I'll use tap if it means I don't have to spend as much money, and then make solutions for each powder, so I can follow the schedule's dosing a bit more  



Thanks very much for you help,
Alistair


----------



## alip01 (18 Jun 2008)

I'm about ready to order the salts, from Garden Direct for the general salts, and AE for the trace mix.  Just got a couple more questions.

Firstly, do I need to add anything e.g. extra Iron to the AE trace mix, or is it fine on it's own?

Secondly, just so I know what I'm getting, I need to get Potassium Phosphate, Potassium Nitrate, the trace mix... I have a feeling I'm missing something  

Thanks very much,
Alistair


----------



## Egmel (18 Jun 2008)

alip01 said:
			
		

> I'm about ready to order the salts, from Garden Direct for the general salts, and AE for the trace mix.  Just got a couple more questions.


Why not get the garden's direct chelated trace mix instead of going to AE, they're very similar and it would save on postage.

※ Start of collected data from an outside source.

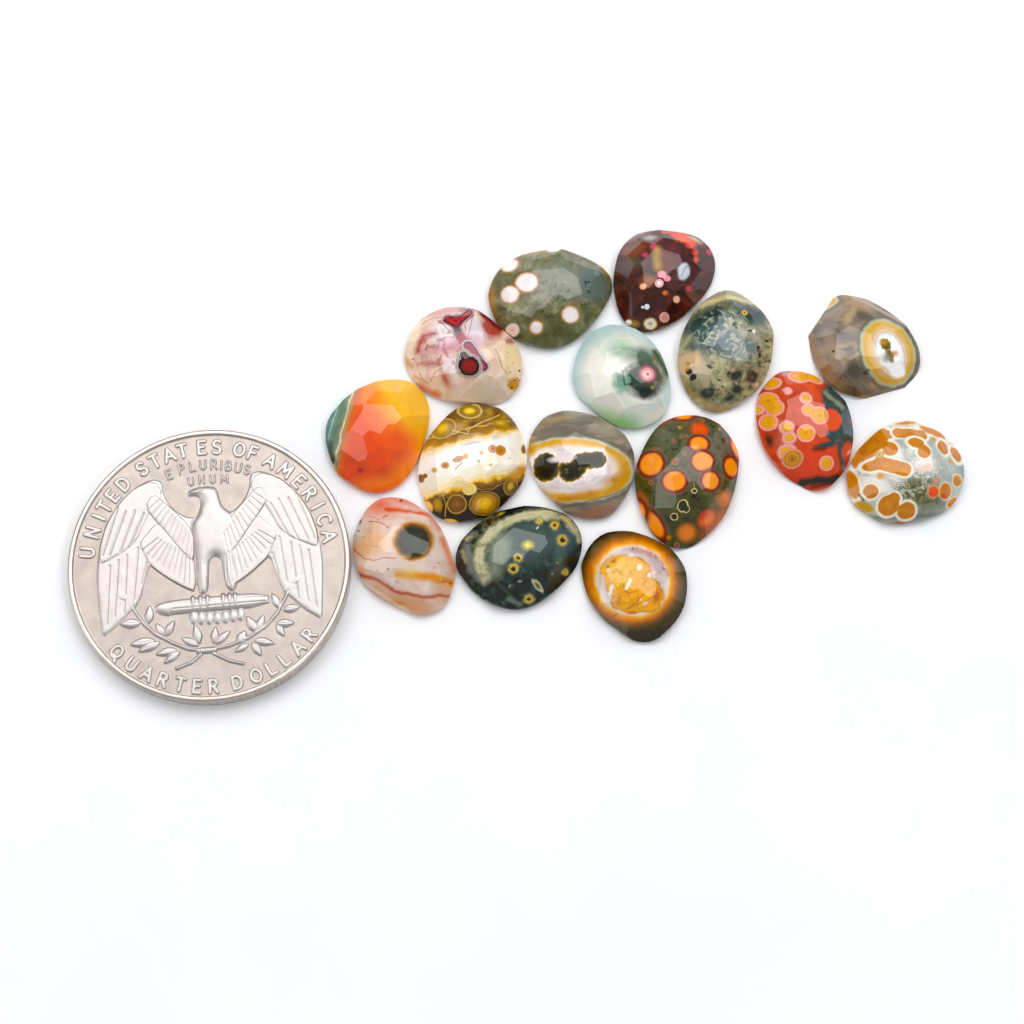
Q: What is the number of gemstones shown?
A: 15
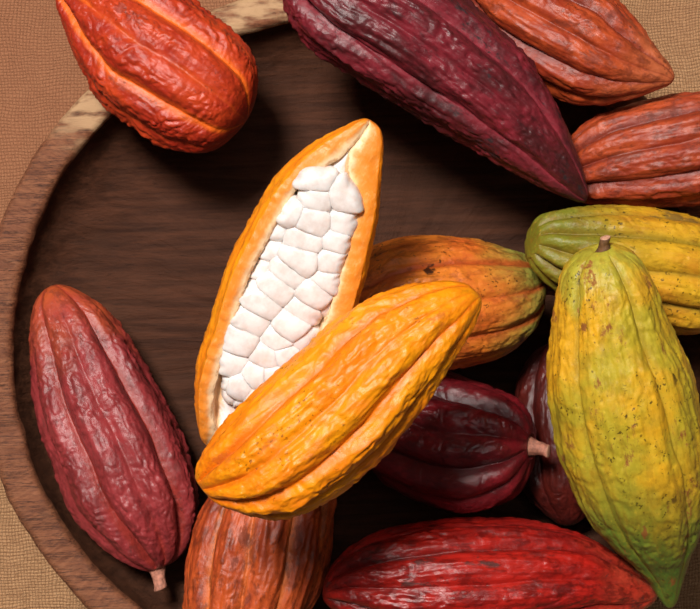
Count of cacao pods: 14
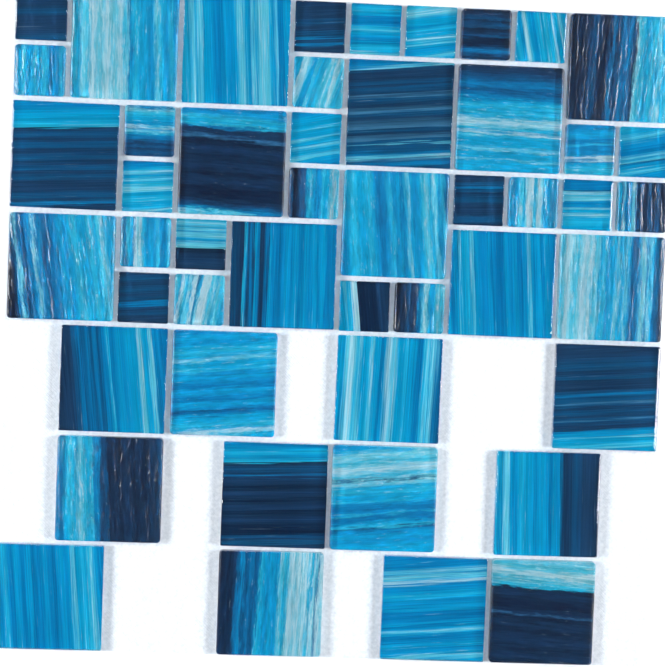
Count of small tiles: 24
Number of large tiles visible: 24
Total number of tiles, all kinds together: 48
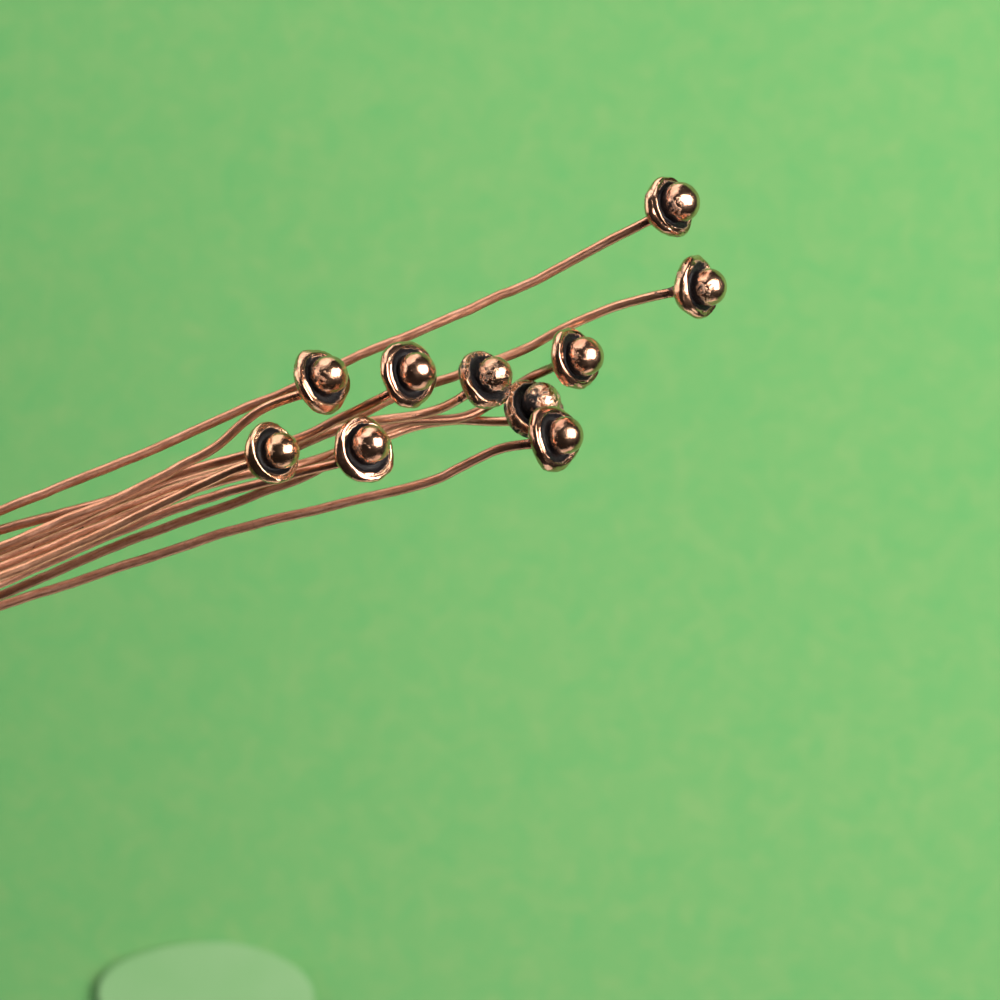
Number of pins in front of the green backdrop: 10

> Firstly, do I need to add anything e.g. extra Iron to the AE trace mix, or is it fine on it's own?


should be fine as is


> Secondly, just so I know what I'm getting, I need to get Potassium Phosphate, Potassium Nitrate, the trace mix... I have a feeling I'm missing something


Magnesium sulphate, (epsom salts) ebay's probably cheapest for these.


----------



## Matt Holbrook-Bull (18 Jun 2008)

check out the calculator in my sig.. its very good, saved me alot of headaches working things out.


----------



## JamesM (18 Jun 2008)

One month of dosing with Garden Direct's Trace in my shrimp tank, no deaths and every female is carrying eggs.


----------



## alip01 (18 Jun 2008)

Done the orders now  

Thanks,
Alistair


----------



## Superman (22 Jun 2008)

alip01 said:
			
		

> Done the orders now
> 
> Thanks,
> Alistair



Welcome young sir.
Think I'm going to be doing the same as you soon.


----------



## alip01 (26 Jun 2008)

Just about to do my order for the plants from AE so that I can rescape on Sunday


----------